He was looking right at me, like he really wanted to know. “I … oh hell, let me show you.”
I grabbed my bag off the floor and pulled it onto the bed. I tried not to let my undies spill out while I searched through it. I found the unopened envelope and gave it to him.
“What’s this?” he asked. “It’s addressed to you. And, hey, it’s from you. You’re writing yourself these days?”
“It’s a rejection letter for a poem I wrote,” I explained. “Literary journals gift you with rejections in the envelopes you send in with your submissions—so you’ll grow to hate your own handwriting.”
“You write poetry?”
I nodded once.
“Your dad said the two of you talked poetry.

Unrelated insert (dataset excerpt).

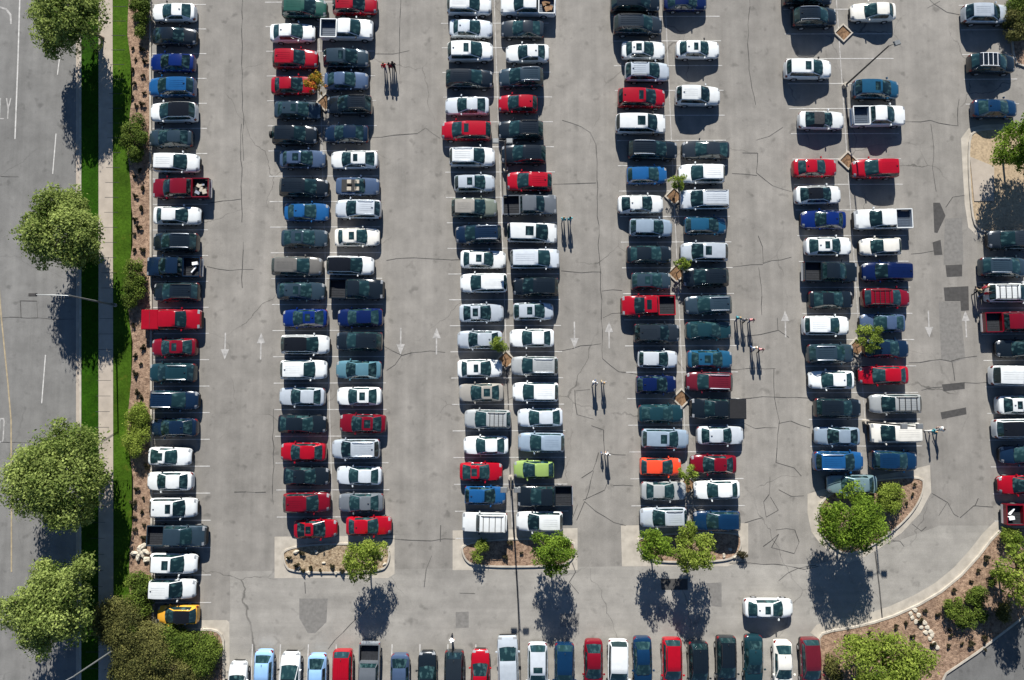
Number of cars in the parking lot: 198
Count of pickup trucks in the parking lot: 17

He didn’t tell me you wrote it.”
“He doesn’t know.”
Tommy looked at me quizzically and was quiet for a moment. “You haven’t opened the envelope.”
“You get acceptances back in their envelopes, not your own. Or so I’ve heard. I’ve never gotten an acceptance.”

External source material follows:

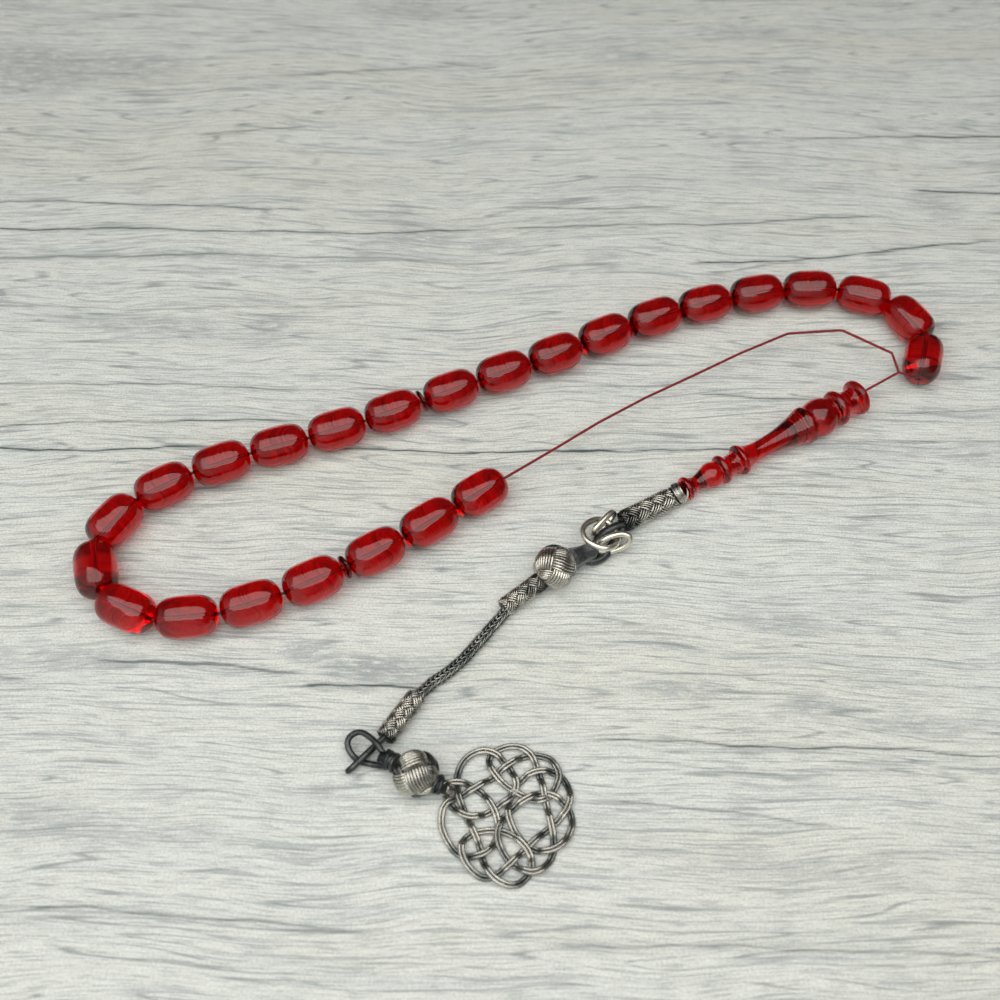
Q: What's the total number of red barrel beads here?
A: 25

“So you’re upset you got a rejection?” he asked. “It’s one rejection.”
“No,” I said. “That poem has been rejected twenty-six times. There’s no other place to send it to. The poem’s crap. I write crap.”
He raised the envelope. “Can I open it?”
I gestured for him to.
Why was I letting him do this? Maybe it was because being in this motel room in Florida with someone I just met two days ago didn’t seem like any part of my real life. But it was something more than that too. I wanted to show him. Telling Christa about my desire to write poetry had opened up something in me, something that wanted to reach out and talk to someone about my poems.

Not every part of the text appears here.